Solved – How to use press statistic for model selection

cross-validationmodel-evaluationregression

I am confused about how to use the PRESS statistic to compare models.I understand that the PRESS statistic is calculated by summing the square of the residuals as :

$$\text{PRESS} = \sum_{i=1}^n (y_i – \hat{y}_{i, -i})^2$$

where the residual is the difference between the observed and predicted value for the $i$-th data point, with the prediction coming from a model trained on data with the $i$-th data point removed. My confusion lies in the fact that a new regression equation (hence a new model) is estimated each time a data point is dropped (so $n$ different models are trained in the process of calculating PRESS) – so the final PRESS statistic is not tied to a single model. In that case, how can you use the PRESS statistics to compare two different models? How do you calculate a PRESS statistic for a given regression model?
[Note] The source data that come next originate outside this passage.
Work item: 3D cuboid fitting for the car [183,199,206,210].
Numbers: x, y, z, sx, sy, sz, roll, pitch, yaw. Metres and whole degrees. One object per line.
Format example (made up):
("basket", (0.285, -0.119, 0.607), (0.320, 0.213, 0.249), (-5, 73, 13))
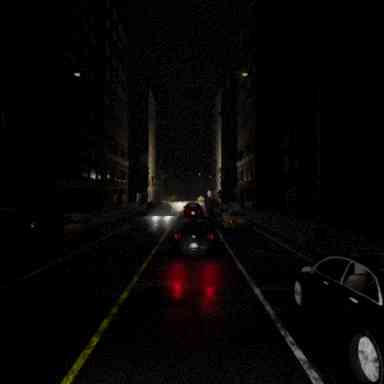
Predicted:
("car", (0.092, 1.730, 32.170), (1.812, 1.442, 4.674), (0, 0, 0))

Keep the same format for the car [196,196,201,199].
("car", (2.664, 2.129, 93.523), (1.752, 1.417, 4.829), (0, 0, -1))

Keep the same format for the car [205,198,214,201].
("car", (2.863, 1.843, 43.267), (1.947, 1.339, 4.313), (0, 0, 0))

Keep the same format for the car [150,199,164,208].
("car", (-5.660, 1.915, 54.156), (1.947, 1.339, 4.313), (0, 0, 0))

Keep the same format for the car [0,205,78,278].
("car", (-5.668, 1.380, 10.551), (2.192, 1.841, 5.009), (0, 0, 0))

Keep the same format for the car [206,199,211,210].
("car", (2.862, 1.807, 37.819), (1.947, 1.339, 4.313), (0, 0, 0))

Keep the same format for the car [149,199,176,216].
("car", (-3.091, 1.792, 35.748), (1.994, 1.385, 4.181), (0, 0, 0))

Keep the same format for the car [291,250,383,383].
("car", (2.857, 1.583, 5.129), (2.008, 1.369, 4.403), (0, 0, 0))

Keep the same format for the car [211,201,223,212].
("car", (2.860, 1.721, 26.922), (2.008, 1.369, 4.403), (0, 0, 0))

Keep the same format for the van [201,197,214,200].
("van", (2.864, 1.691, 54.166), (1.690, 1.788, 3.998), (0, 0, 0))

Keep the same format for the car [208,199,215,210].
("car", (2.861, 1.732, 32.541), (1.752, 1.417, 4.829), (0, 0, 0))

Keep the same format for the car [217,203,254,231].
("car", (2.859, 1.662, 21.644), (1.752, 1.417, 4.829), (0, 0, 0))

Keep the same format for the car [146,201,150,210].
("car", (-5.661, 1.895, 48.705), (1.802, 1.307, 4.206), (0, 0, 0))

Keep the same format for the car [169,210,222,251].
("car", (0.084, 1.692, 14.508), (1.895, 1.301, 4.718), (0, 0, 0))

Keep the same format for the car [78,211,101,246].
("car", (-5.666, 1.624, 15.830), (1.752, 1.417, 4.829), (0, 0, 0))
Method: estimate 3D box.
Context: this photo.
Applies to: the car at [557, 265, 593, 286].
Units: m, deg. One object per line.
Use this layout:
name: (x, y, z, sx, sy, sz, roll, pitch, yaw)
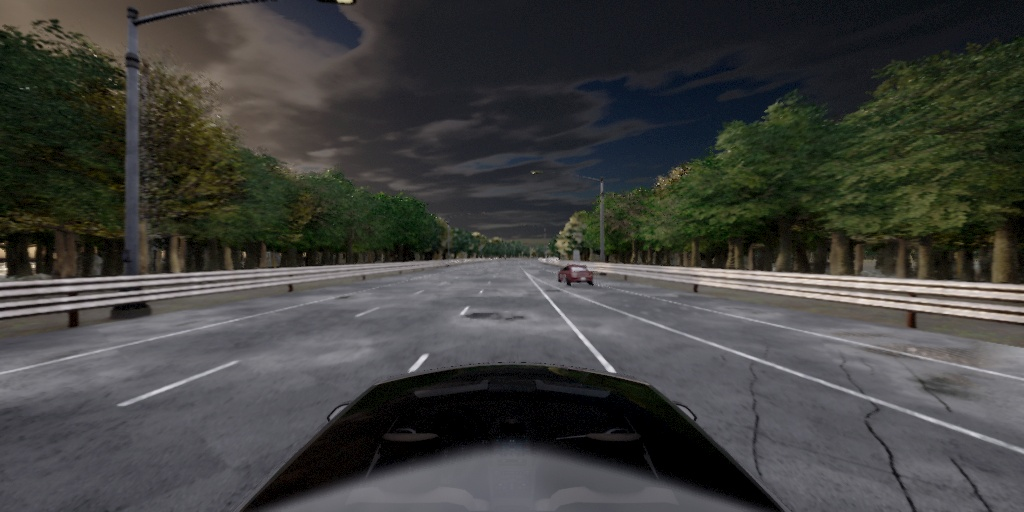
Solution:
car: (4.549, 1.352, 26.075, 1.812, 1.442, 4.674, 0, 0, -4)
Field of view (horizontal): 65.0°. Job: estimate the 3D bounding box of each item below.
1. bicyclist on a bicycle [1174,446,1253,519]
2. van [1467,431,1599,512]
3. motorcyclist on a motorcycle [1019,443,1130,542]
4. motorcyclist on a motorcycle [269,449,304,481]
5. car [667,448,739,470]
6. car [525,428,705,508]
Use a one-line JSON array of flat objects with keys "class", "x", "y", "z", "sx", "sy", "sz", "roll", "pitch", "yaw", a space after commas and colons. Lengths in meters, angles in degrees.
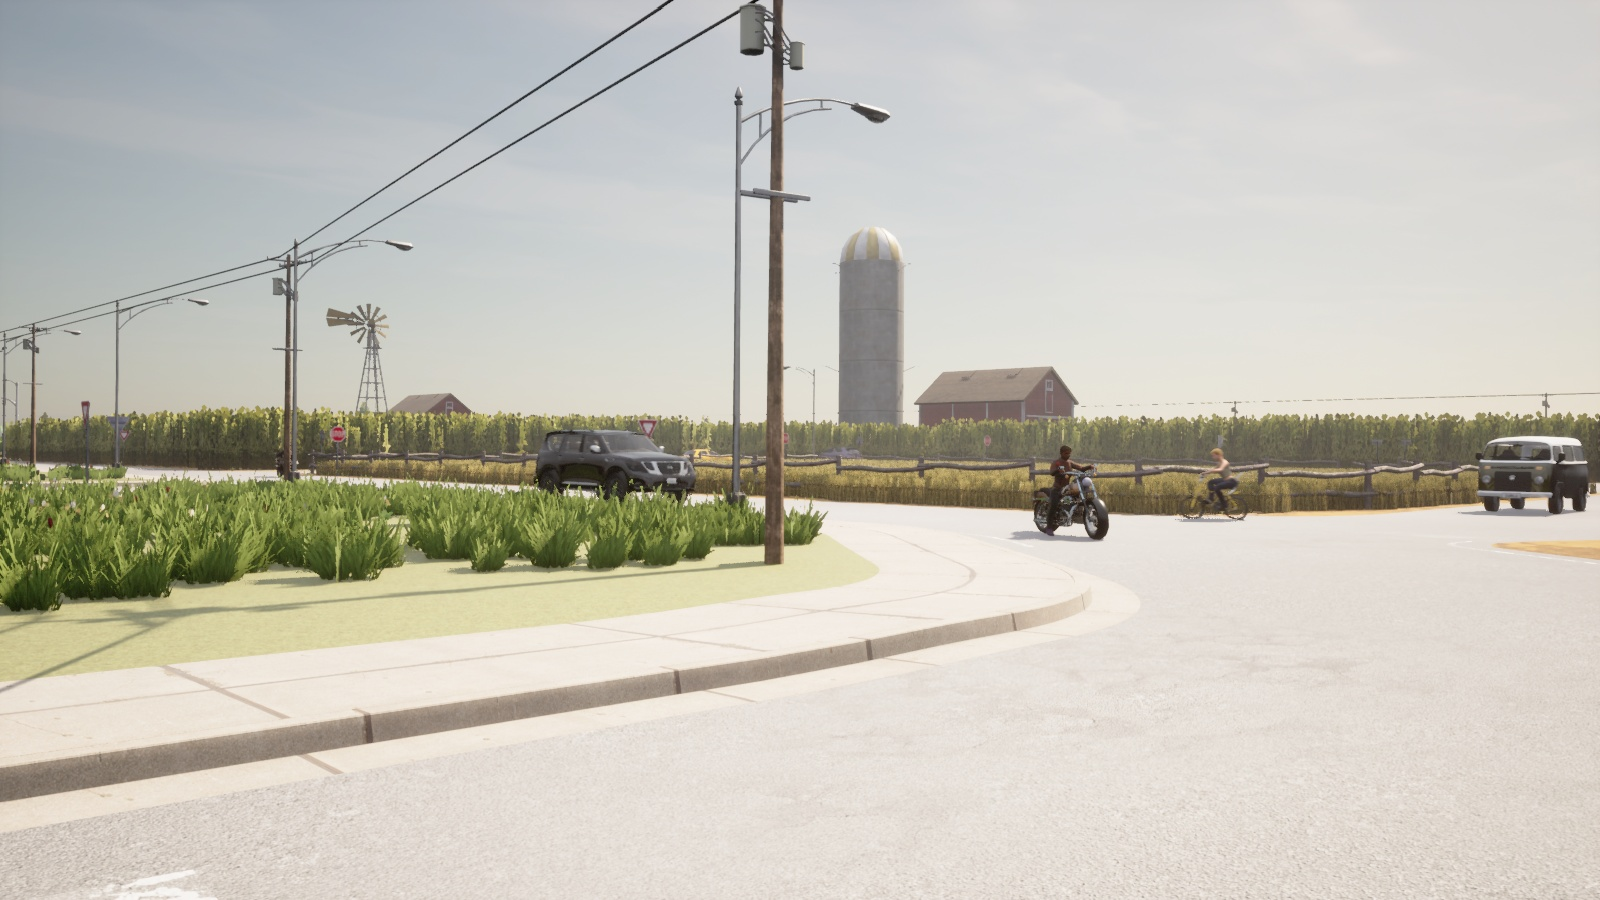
[{"class": "bicyclist on a bicycle", "x": 9.225, "y": 0.725, "z": 28.073, "sx": 1.509, "sy": 1.612, "sz": 0.866, "roll": 0, "pitch": -2, "yaw": 5}, {"class": "van", "x": 19.700, "y": 0.556, "z": 33.659, "sx": 2.069, "sy": 2.038, "sz": 4.480, "roll": 0, "pitch": 0, "yaw": 44}, {"class": "motorcyclist on a motorcycle", "x": 4.776, "y": 0.704, "z": 22.069, "sx": 0.766, "sy": 1.649, "sz": 2.350, "roll": 0, "pitch": 0, "yaw": -20}, {"class": "motorcyclist on a motorcycle", "x": -25.098, "y": 0.727, "z": 61.341, "sx": 0.866, "sy": 1.530, "sz": 2.191, "roll": 0, "pitch": 0, "yaw": -43}, {"class": "car", "x": -7.163, "y": 0.632, "z": 92.874, "sx": 5.366, "sy": 1.575, "sz": 1.801, "roll": 0, "pitch": 0, "yaw": -43}, {"class": "car", "x": -5.223, "y": 0.465, "z": 34.862, "sx": 2.150, "sy": 2.045, "sz": 5.566, "roll": 0, "pitch": 0, "yaw": -43}]
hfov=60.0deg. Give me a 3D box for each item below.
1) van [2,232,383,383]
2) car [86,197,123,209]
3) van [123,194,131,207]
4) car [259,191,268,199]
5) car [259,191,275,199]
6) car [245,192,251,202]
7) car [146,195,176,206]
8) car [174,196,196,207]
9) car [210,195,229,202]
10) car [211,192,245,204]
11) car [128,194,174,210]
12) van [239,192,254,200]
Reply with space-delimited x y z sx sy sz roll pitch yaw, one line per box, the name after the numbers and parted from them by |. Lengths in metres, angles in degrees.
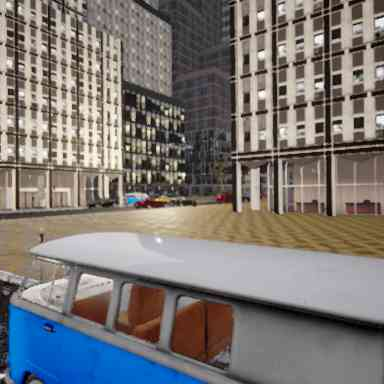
-0.024 1.341 2.906 3.998 1.788 1.690 0 -1 36 | van
-11.281 1.388 41.983 1.947 1.339 4.313 0 0 36 | car
-7.948 1.120 46.532 1.690 1.788 3.998 0 0 36 | van
15.391 1.014 78.379 1.887 1.381 4.507 0 0 36 | car
18.723 0.739 82.927 2.192 1.841 5.009 0 0 36 | car
8.833 1.089 55.254 2.008 1.369 4.403 0 0 36 | car
-4.713 1.262 50.945 1.752 1.417 4.829 0 0 36 | car
-1.165 1.218 41.611 2.008 1.369 4.403 0 0 36 | car
5.389 1.187 64.731 1.802 1.307 4.206 0 0 36 | car
5.498 0.896 50.705 2.192 1.841 5.009 0 0 36 | car
-4.498 1.255 37.063 1.887 1.381 4.507 0 0 36 | car
12.056 0.856 73.829 1.690 1.788 3.998 0 0 36 | van
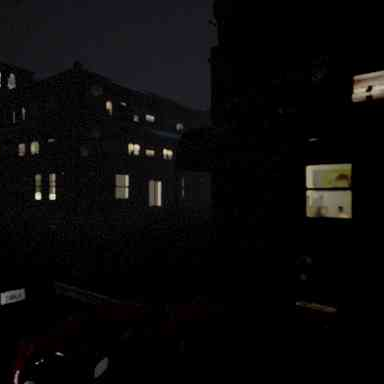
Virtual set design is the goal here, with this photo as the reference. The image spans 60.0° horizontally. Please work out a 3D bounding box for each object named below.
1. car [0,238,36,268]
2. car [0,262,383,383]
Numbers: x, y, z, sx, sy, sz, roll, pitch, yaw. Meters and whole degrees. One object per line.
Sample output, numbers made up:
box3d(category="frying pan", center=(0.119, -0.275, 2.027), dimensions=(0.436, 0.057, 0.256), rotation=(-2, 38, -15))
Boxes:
box3d(category="car", center=(-4.192, 1.470, 5.878), dimensions=(4.313, 1.339, 1.947), rotation=(1, 0, 35))
box3d(category="car", center=(0.324, 1.528, 2.659), dimensions=(4.507, 1.381, 1.887), rotation=(1, 0, 35))
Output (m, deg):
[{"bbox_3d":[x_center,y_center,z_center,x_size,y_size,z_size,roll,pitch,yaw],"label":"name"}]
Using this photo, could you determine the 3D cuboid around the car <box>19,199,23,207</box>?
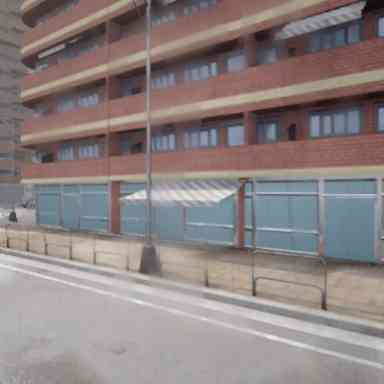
[{"bbox_3d":[-19.736,1.189,43.979,2.150,2.045,5.566,0,0,36],"label":"car"}]

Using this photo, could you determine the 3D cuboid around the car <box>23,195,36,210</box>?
[{"bbox_3d":[-17.671,1.324,40.870,2.097,1.767,4.553,0,0,36],"label":"car"}]
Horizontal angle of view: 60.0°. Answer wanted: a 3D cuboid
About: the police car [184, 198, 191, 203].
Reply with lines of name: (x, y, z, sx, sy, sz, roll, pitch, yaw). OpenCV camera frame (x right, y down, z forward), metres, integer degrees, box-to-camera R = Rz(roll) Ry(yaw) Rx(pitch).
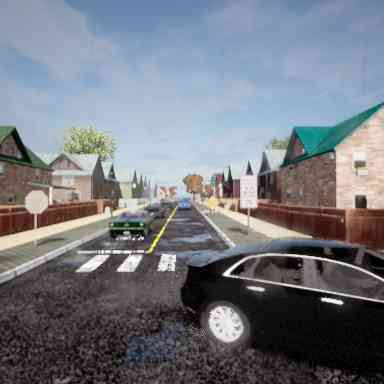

I think I am making a basic mistake somewhere here but not sure where my reasoning is off. Thanks for any help.

Best Answer

You calculate PRESS on a model trained on $n$ values to get an idea of its out-of-sample performance, by leaving out one sample at a time. So while you indeed end up with $n$ models to determine the statistic, you eventually use the original model trained on all $n$ values.

Since you are only leaving out a single observation at a time (like in LOOCV), the addition of the 'last' sample has minimal influence on the final model. Because of this you can safely use PRESS to compare models, even though the actual models you are comparing were not used to calculate it.

If you have a larger sample size, you could consider a form of nested cross-validation, comparing models with the inner cross-validation and evaluating the performance of the 'winning' model on the outer cross-validation loop.